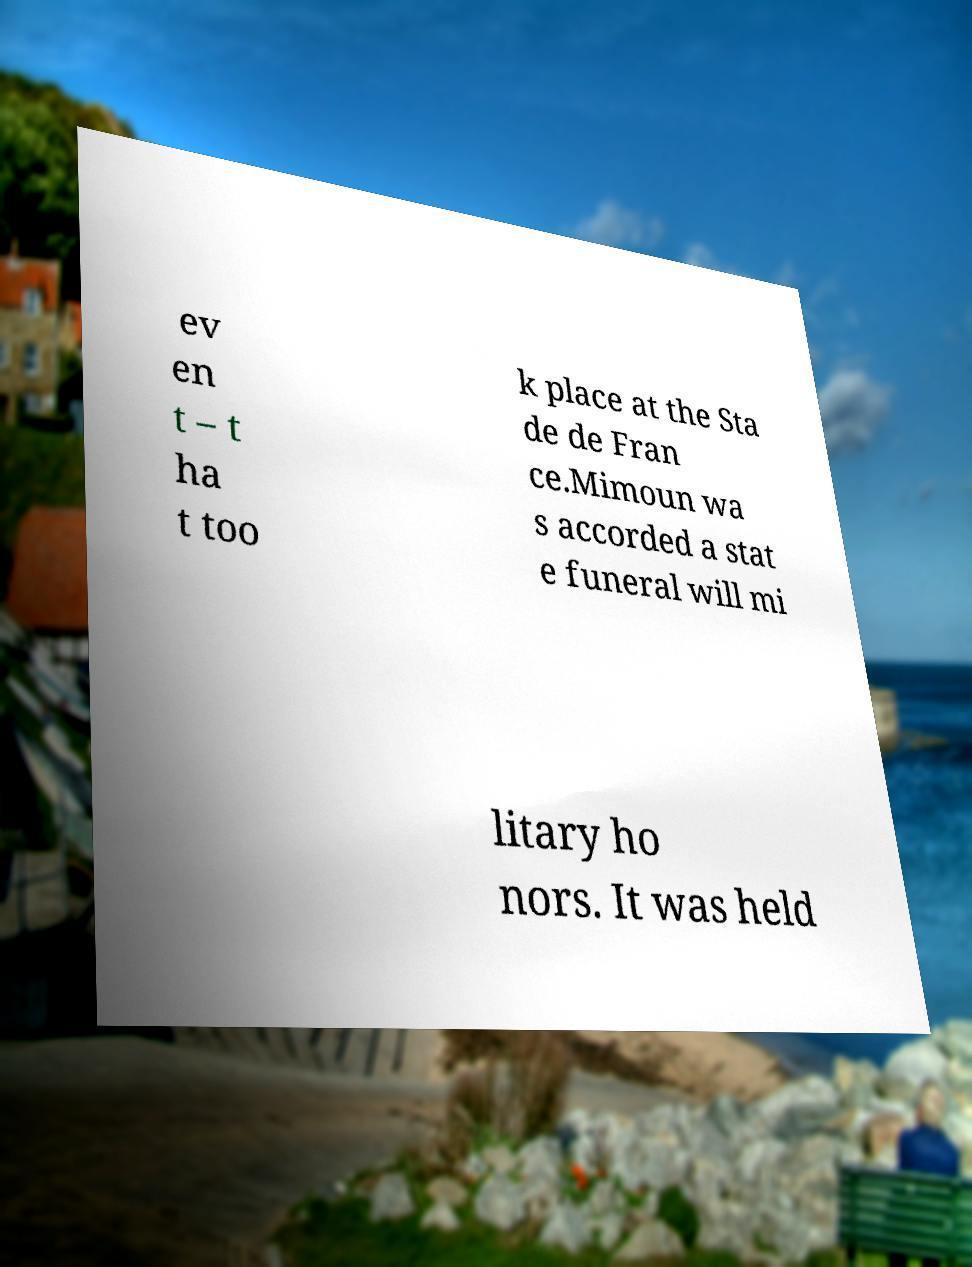I need the written content from this picture converted into text. Can you do that? ev en t – t ha t too k place at the Sta de de Fran ce.Mimoun wa s accorded a stat e funeral will mi litary ho nors. It was held 
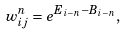<formula> <loc_0><loc_0><loc_500><loc_500>w _ { i j } ^ { n } = e ^ { E _ { i - n } - B _ { i - n } } ,</formula> 
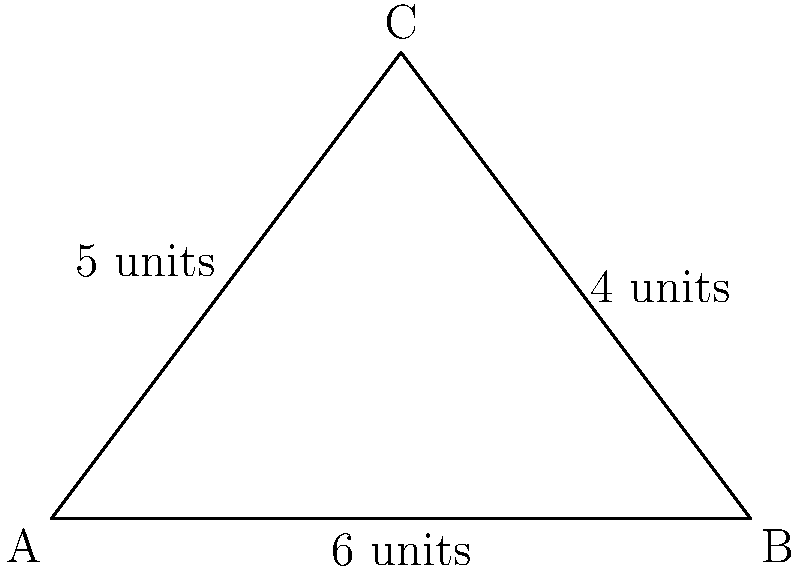As you deliver mail along the streets of Auden Padariya, you notice a triangular park bounded by three streets. The park has the following dimensions: one side is 6 units long, another side is 4 units long, and the third side is 5 units long. What is the area of this triangular park? To find the area of the triangular park, we can use Heron's formula. Let's follow these steps:

1) Heron's formula states that the area $A$ of a triangle with sides $a$, $b$, and $c$ is:

   $A = \sqrt{s(s-a)(s-b)(s-c)}$

   where $s$ is the semi-perimeter: $s = \frac{a+b+c}{2}$

2) In our case, $a = 6$, $b = 4$, and $c = 5$.

3) Let's calculate the semi-perimeter $s$:
   
   $s = \frac{6+4+5}{2} = \frac{15}{2} = 7.5$

4) Now, let's substitute these values into Heron's formula:

   $A = \sqrt{7.5(7.5-6)(7.5-4)(7.5-5)}$

5) Simplify inside the parentheses:

   $A = \sqrt{7.5 \cdot 1.5 \cdot 3.5 \cdot 2.5}$

6) Multiply the numbers inside the square root:

   $A = \sqrt{98.4375}$

7) Calculate the square root:

   $A \approx 9.92$ square units

Therefore, the area of the triangular park is approximately 9.92 square units.
Answer: 9.92 square units 
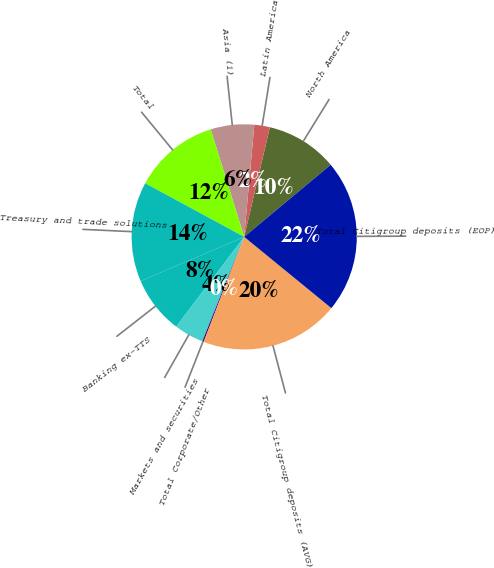Convert chart. <chart><loc_0><loc_0><loc_500><loc_500><pie_chart><fcel>North America<fcel>Latin America<fcel>Asia (1)<fcel>Total<fcel>Treasury and trade solutions<fcel>Banking ex-TTS<fcel>Markets and securities<fcel>Total Corporate/Other<fcel>Total Citigroup deposits (AVG)<fcel>Total Citigroup deposits (EOP)<nl><fcel>10.28%<fcel>2.23%<fcel>6.25%<fcel>12.29%<fcel>14.31%<fcel>8.27%<fcel>4.24%<fcel>0.21%<fcel>19.95%<fcel>21.96%<nl></chart> 
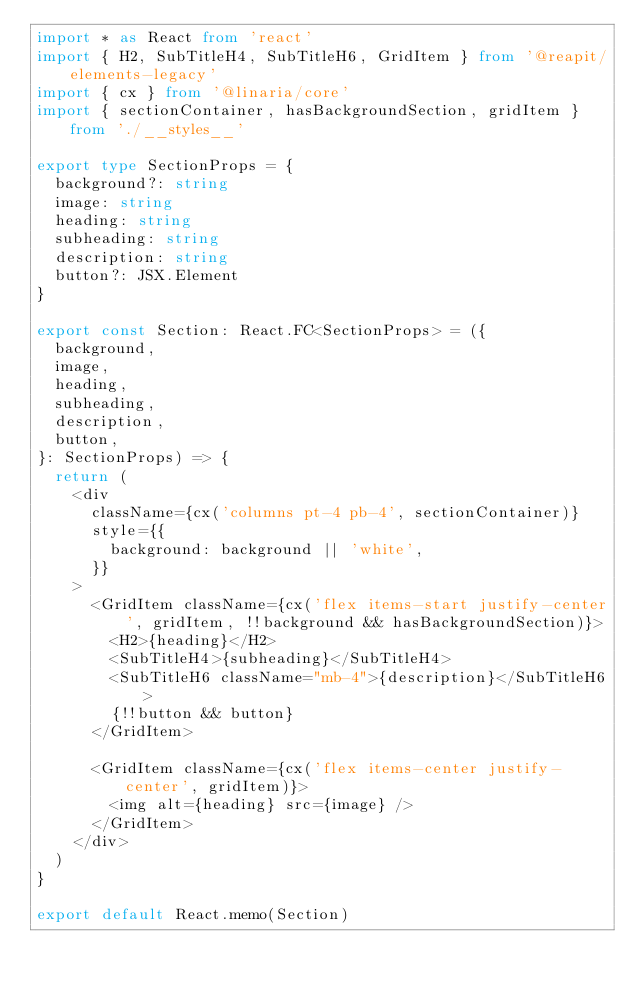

━━━

## Action item
What number of lines in the data above include the string "inside"? Answer with that number only.

## Reply to the task
2